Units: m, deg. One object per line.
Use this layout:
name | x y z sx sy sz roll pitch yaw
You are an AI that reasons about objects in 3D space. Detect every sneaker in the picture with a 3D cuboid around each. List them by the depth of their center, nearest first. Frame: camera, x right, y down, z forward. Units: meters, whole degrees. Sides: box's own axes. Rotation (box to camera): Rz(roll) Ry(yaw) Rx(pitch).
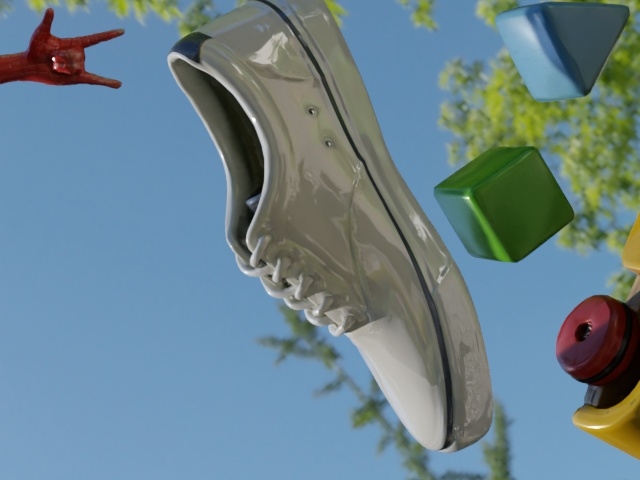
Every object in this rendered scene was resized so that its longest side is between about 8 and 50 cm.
sneaker | 0.000 0.000 0.716 0.091 0.258 0.094 -25 -2 -23

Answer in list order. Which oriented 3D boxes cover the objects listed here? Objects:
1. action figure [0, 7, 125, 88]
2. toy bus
action figure | -0.143 0.020 0.481 0.139 0.091 0.280 2 -73 6
toy bus | 0.152 0.009 0.406 0.191 0.104 0.202 -21 -80 -18
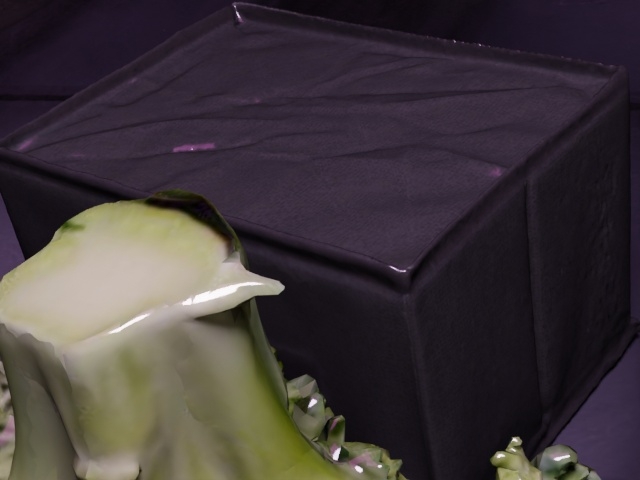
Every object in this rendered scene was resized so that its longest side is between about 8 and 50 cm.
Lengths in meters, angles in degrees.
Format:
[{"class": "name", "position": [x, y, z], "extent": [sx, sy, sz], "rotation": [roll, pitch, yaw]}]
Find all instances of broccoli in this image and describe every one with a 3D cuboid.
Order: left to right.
[{"class": "broccoli", "position": [-0.066, 0.144, 0.543], "extent": [0.277, 0.317, 0.338], "rotation": [-43, 20, -32]}]

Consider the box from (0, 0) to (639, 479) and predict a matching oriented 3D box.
[{"class": "box", "position": [0.000, 0.001, 0.797], "extent": [0.345, 0.205, 0.251], "rotation": [16, 40, 35]}]
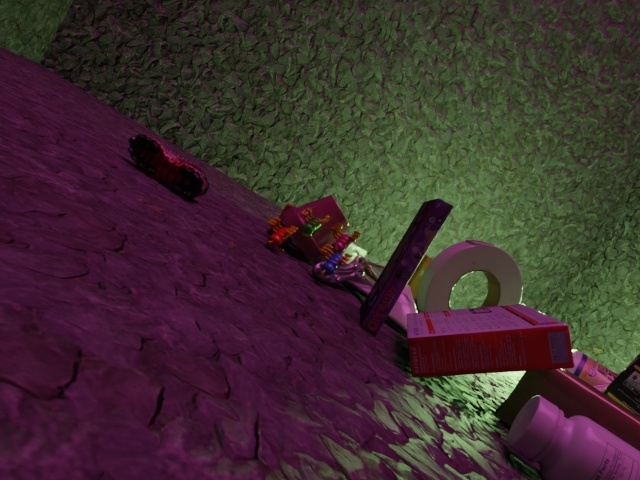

Work instruction: Go over the listing above and say how many lines contain the word "name". Please give the number only.

Written solution: 2